Collaborative Brain-Computer Interfaces

00:03:58 - 00:05:00

The concept of collaborative BCIs is introduced, where multiple users work together to achieve a common goal. Coleman describes a project involving participants from different locations using BCIs to cooperatively zoom in on a map. This segment is fascinating as it explores the potential of BCIs to enhance human collaboration, effectively allowing two individuals to function as one in a task. The example of users in Puerto Rico and San Diego working together demonstrates the scalability and versatility of BCIs in facilitating remote cooperation. This part of the presentation is particularly novel as it extends the application of BCIs beyond individual use, suggesting future possibilities in team-based environments and complex problem-solving scenarios. The integration of neuroscience, applied mathematics, and user interface design is highlighted as essential for the success of such systems.

Advancements in Wearable Electronics

00:05:00 - 00:06:56

Coleman discusses the development of epidermal electronics, which are flexible, skin-mounted devices that can monitor various physiological signals. He explains the process of creating these devices by peeling off the functional layer of silicon wafers and mounting them onto flexible substrates. This innovation bridges the gap between rigid electronic circuits and the soft, elastic nature of biological tissues. The segment is intriguing due to its potential to revolutionize wearable technology, making it more integrated with the human body. The use of temporary tattoos to apply these electronics is a compelling example of how technology can be seamlessly incorporated into daily life. This advancement not only enhances the functionality of wearable devices but also opens new avenues for monitoring health and well-being in a non-intrusive manner. The discussion is engaging as it presents a futuristic vision of technology that aligns with the natural form and function of the human body.
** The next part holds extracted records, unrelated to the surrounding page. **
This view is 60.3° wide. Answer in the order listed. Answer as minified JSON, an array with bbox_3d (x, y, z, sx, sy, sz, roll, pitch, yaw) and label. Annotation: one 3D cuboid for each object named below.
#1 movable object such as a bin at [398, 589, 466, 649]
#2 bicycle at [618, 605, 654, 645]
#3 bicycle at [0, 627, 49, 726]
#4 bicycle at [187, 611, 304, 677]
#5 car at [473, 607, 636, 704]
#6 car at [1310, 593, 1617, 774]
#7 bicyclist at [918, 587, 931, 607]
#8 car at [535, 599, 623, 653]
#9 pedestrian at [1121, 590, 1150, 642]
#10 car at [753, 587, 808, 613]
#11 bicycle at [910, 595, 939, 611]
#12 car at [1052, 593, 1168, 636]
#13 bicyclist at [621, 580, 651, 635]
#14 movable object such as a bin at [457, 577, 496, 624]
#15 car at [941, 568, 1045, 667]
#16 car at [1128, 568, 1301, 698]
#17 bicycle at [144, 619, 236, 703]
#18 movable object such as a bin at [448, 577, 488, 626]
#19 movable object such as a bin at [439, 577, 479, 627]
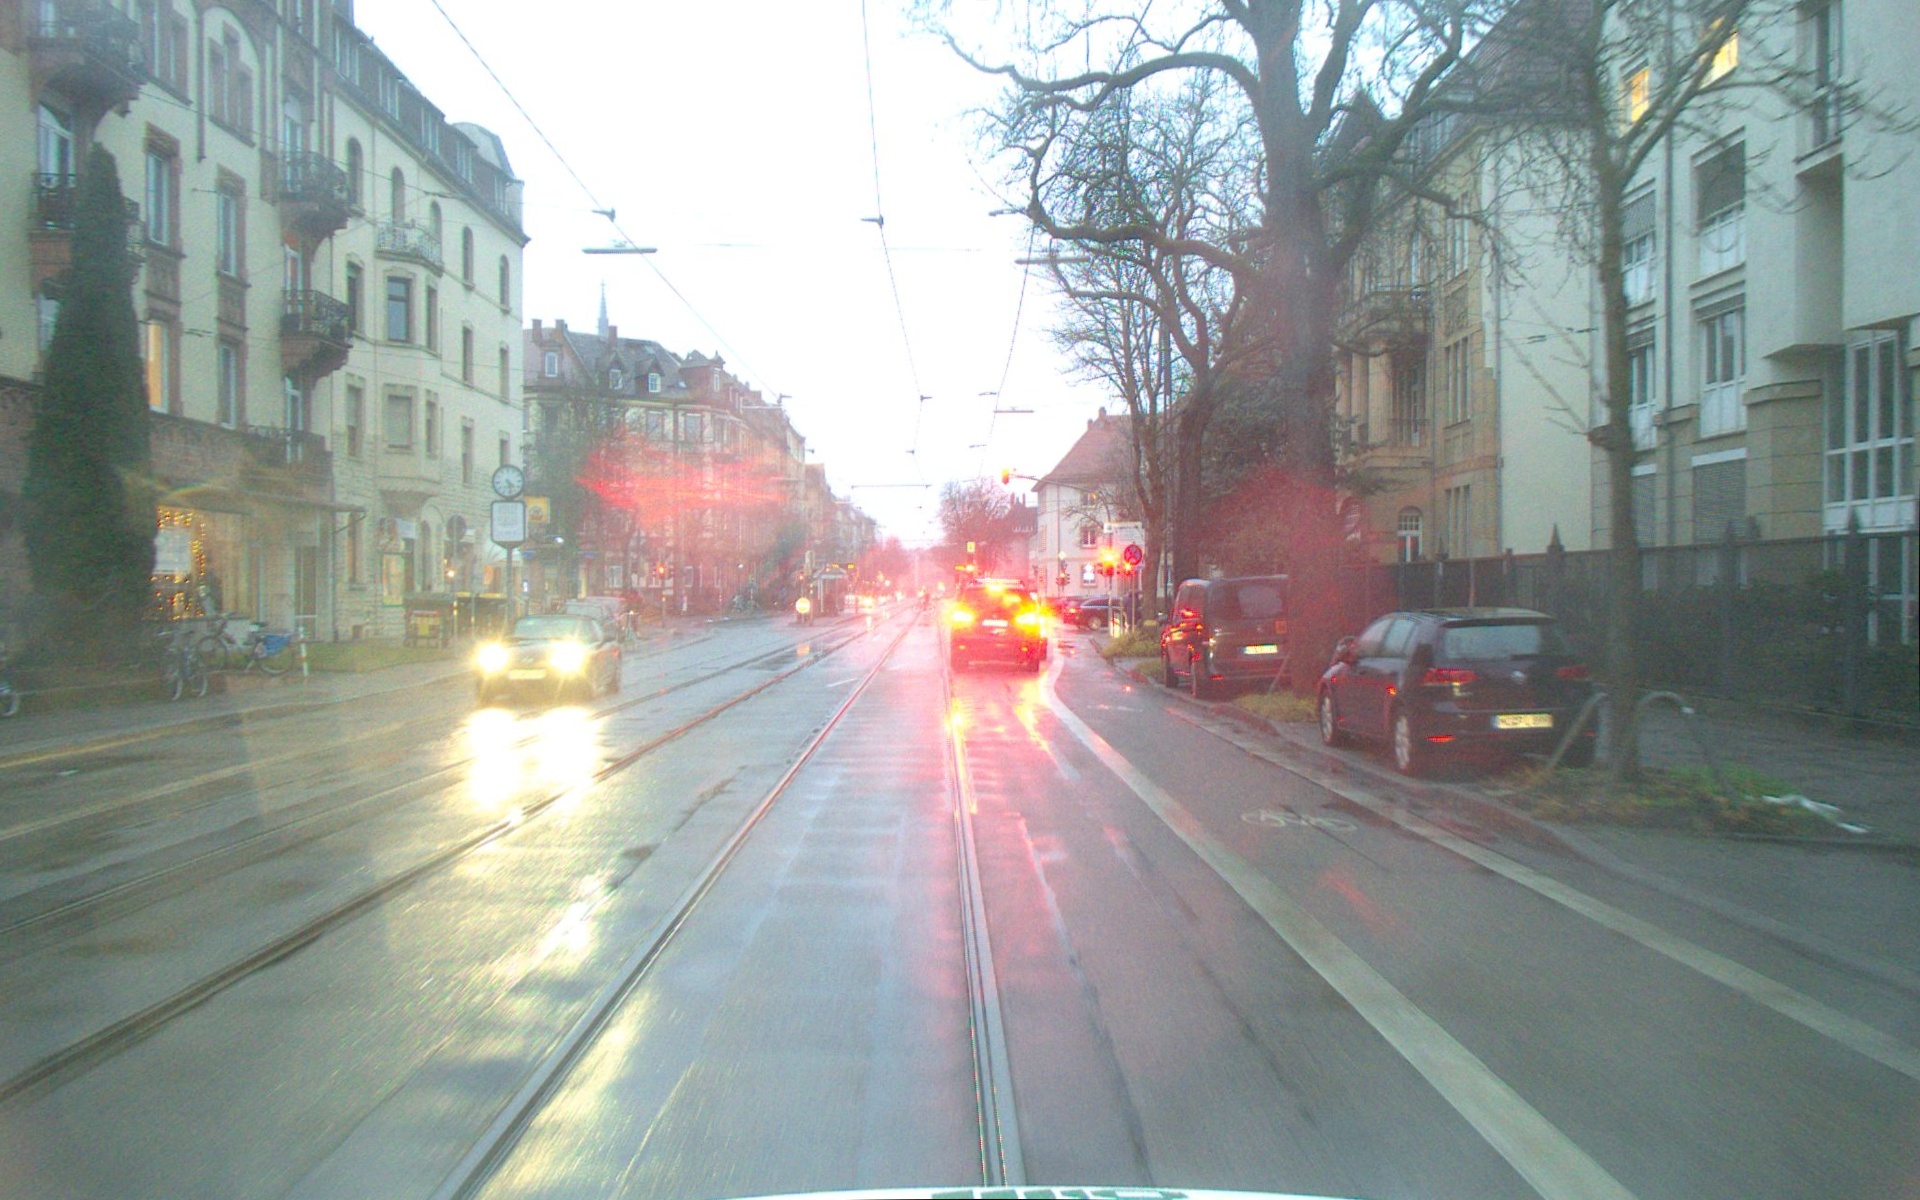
[{"bbox_3d":[-14.227,0.496,44.631,1.380,1.557,1.364,-1,1,-1],"label":"movable object such as a bin"},{"bbox_3d":[-9.839,0.744,50.306,0.701,1.130,2.064,-1,1,-1],"label":"bicycle"},{"bbox_3d":[-10.676,0.850,17.941,0.613,1.035,1.805,-1,1,-2],"label":"bicycle"},{"bbox_3d":[-12.611,0.776,29.237,1.771,1.099,0.615,-1,1,-8],"label":"bicycle"},{"bbox_3d":[-5.997,0.774,24.846,1.627,1.219,3.873,-1,1,-2],"label":"car"},{"bbox_3d":[4.725,0.701,16.119,1.643,1.485,4.041,-1,1,-2],"label":"car"},{"bbox_3d":[-2.636,-0.226,122.546,0.808,1.400,0.555,-1,1,-15],"label":"bicyclist"},{"bbox_3d":[-11.537,0.744,50.340,1.796,1.472,4.000,-1,1,-1],"label":"car"},{"bbox_3d":[7.018,0.633,66.085,1.002,2.049,0.918,-1,1,-4],"label":"pedestrian"},{"bbox_3d":[-13.104,-0.012,120.662,3.914,1.747,1.900,-1,1,-9],"label":"car"},{"bbox_3d":[-2.647,0.211,122.551,2.069,1.153,0.555,-1,1,-15],"label":"bicycle"},{"bbox_3d":[6.662,0.637,73.360,4.873,1.747,1.687,-1,1,-21],"label":"car"},{"bbox_3d":[-9.859,0.217,50.379,0.701,1.630,0.931,-1,1,-1],"label":"bicyclist"},{"bbox_3d":[-16.940,0.016,57.956,0.993,1.628,1.081,-1,1,1],"label":"movable object such as a bin"},{"bbox_3d":[0.628,0.374,35.187,1.953,1.930,4.757,1,-1,-2],"label":"car"},{"bbox_3d":[4.113,0.448,27.583,1.953,1.933,5.026,-1,1,-2],"label":"car"},{"bbox_3d":[-10.997,0.851,23.682,0.602,1.099,1.809,-1,1,-5],"label":"bicycle"},{"bbox_3d":[-16.888,0.038,56.768,0.993,1.628,1.155,-1,1,1],"label":"movable object such as a bin"},{"bbox_3d":[-16.809,0.058,55.520,0.993,1.628,1.081,-1,1,1],"label":"movable object such as a bin"}]

Integration of Wearable Sensors with Augmented Reality

00:06:56 - 00:09:00

The integration of wearable sensors with augmented reality devices like Oculus Rift and Google Glass is explored. Coleman introduces the concept of 'glucose glass,' a project aimed at helping diabetes patients monitor their physiological responses to food intake. By combining data from wearable sensors and augmented reality, users can gain insights into their health and make informed decisions. This segment is particularly engaging as it demonstrates the potential of combining different technologies to create comprehensive health monitoring systems. The example of using Google Glass to analyze food intake and correlate it with physiological data is a powerful illustration of how technology can enhance personal well-being. This approach not only provides real-time feedback but also supports users in managing their health more effectively. The discussion highlights the importance of user-centered design in developing tools that are both functional and accessible.

Conclusion and Future Directions

00:09:00 - 00:10:07

In the concluding segment, Coleman reflects on the progress and future potential of his research group. He emphasizes the importance of interdisciplinary collaboration in advancing the field of BCIs and wearable technology. The talk ends with a nod to the students and collaborators who contribute to these innovations. This part of the presentation is inspiring as it underscores the collective effort required to push the boundaries of what is possible with technology. The mention of ongoing projects and future directions provides a sense of continuity and excitement for what lies ahead. The conclusion is engaging as it leaves the audience with a vision of a future where technology is seamlessly integrated into everyday life, enhancing human capabilities and well-being. The emphasis on collaboration and innovation serves as a call to action for researchers and practitioners in the field.